■ Problem description
Retype exactly the lines that run from the start of the data to the line holding "- Thermostat", including both, and only those.

START Data for analysis

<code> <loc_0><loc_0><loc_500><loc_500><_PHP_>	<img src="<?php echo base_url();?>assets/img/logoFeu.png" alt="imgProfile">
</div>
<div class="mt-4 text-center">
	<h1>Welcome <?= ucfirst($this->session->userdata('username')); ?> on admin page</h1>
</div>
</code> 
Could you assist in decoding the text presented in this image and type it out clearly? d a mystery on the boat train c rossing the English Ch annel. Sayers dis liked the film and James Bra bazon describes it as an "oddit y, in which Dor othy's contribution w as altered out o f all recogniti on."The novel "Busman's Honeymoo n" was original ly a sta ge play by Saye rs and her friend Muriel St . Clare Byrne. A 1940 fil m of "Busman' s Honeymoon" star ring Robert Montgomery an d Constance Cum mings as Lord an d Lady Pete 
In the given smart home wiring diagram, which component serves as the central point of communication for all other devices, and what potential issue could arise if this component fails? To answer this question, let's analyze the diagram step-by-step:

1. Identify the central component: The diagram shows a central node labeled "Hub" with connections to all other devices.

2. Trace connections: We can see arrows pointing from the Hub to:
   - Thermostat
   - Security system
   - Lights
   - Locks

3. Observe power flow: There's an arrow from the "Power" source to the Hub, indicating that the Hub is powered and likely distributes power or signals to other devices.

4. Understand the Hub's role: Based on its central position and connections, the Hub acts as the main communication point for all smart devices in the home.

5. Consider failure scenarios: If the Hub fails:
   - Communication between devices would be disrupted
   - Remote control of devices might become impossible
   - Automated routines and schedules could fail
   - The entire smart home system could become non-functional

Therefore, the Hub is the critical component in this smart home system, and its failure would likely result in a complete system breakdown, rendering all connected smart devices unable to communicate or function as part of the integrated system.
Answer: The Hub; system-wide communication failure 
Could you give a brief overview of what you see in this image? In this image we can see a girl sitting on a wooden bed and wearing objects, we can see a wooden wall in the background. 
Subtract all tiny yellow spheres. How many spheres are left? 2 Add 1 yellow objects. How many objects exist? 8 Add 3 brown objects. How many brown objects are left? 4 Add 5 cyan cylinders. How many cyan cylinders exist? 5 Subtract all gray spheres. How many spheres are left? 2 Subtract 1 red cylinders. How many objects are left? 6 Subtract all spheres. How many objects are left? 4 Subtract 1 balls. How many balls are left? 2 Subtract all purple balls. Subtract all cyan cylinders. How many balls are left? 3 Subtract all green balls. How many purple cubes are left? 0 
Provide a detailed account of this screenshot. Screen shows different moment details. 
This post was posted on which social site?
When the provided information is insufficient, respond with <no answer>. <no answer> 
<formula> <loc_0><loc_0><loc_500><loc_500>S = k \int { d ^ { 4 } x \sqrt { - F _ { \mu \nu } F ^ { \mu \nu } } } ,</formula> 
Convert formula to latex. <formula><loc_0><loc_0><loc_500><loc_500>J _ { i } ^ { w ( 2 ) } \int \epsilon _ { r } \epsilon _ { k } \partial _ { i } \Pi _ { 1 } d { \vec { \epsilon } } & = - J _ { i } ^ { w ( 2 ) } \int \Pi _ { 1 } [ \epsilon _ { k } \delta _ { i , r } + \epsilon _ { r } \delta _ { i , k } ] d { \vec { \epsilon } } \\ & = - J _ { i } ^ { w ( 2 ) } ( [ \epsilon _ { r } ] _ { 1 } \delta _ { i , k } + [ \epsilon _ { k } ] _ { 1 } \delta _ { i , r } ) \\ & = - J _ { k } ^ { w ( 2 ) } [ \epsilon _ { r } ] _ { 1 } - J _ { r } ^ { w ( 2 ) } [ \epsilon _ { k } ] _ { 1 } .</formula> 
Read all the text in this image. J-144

END Data for analysis

■ Answer to this problem
<code> <loc_0><loc_0><loc_500><loc_500><_PHP_>	<img src="<?php echo base_url();?>assets/img/logoFeu.png" alt="imgProfile">
</div>
<div class="mt-4 text-center">
	<h1>Welcome <?= ucfirst($this->session->userdata('username')); ?> on admin page</h1>
</div>
</code> 
Could you assist in decoding the text presented in this image and type it out clearly? d a mystery on the boat train c rossing the English Ch annel. Sayers dis liked the film and James Bra bazon describes it as an "oddit y, in which Dor othy's contribution w as altered out o f all recogniti on."The novel "Busman's Honeymoo n" was original ly a sta ge play by Saye rs and her friend Muriel St . Clare Byrne. A 1940 fil m of "Busman' s Honeymoon" star ring Robert Montgomery an d Constance Cum mings as Lord an d Lady Pete 
In the given smart home wiring diagram, which component serves as the central point of communication for all other devices, and what potential issue could arise if this component fails? To answer this question, let's analyze the diagram step-by-step:

1. Identify the central component: The diagram shows a central node labeled "Hub" with connections to all other devices.

2. Trace connections: We can see arrows pointing from the Hub to:
   - Thermostat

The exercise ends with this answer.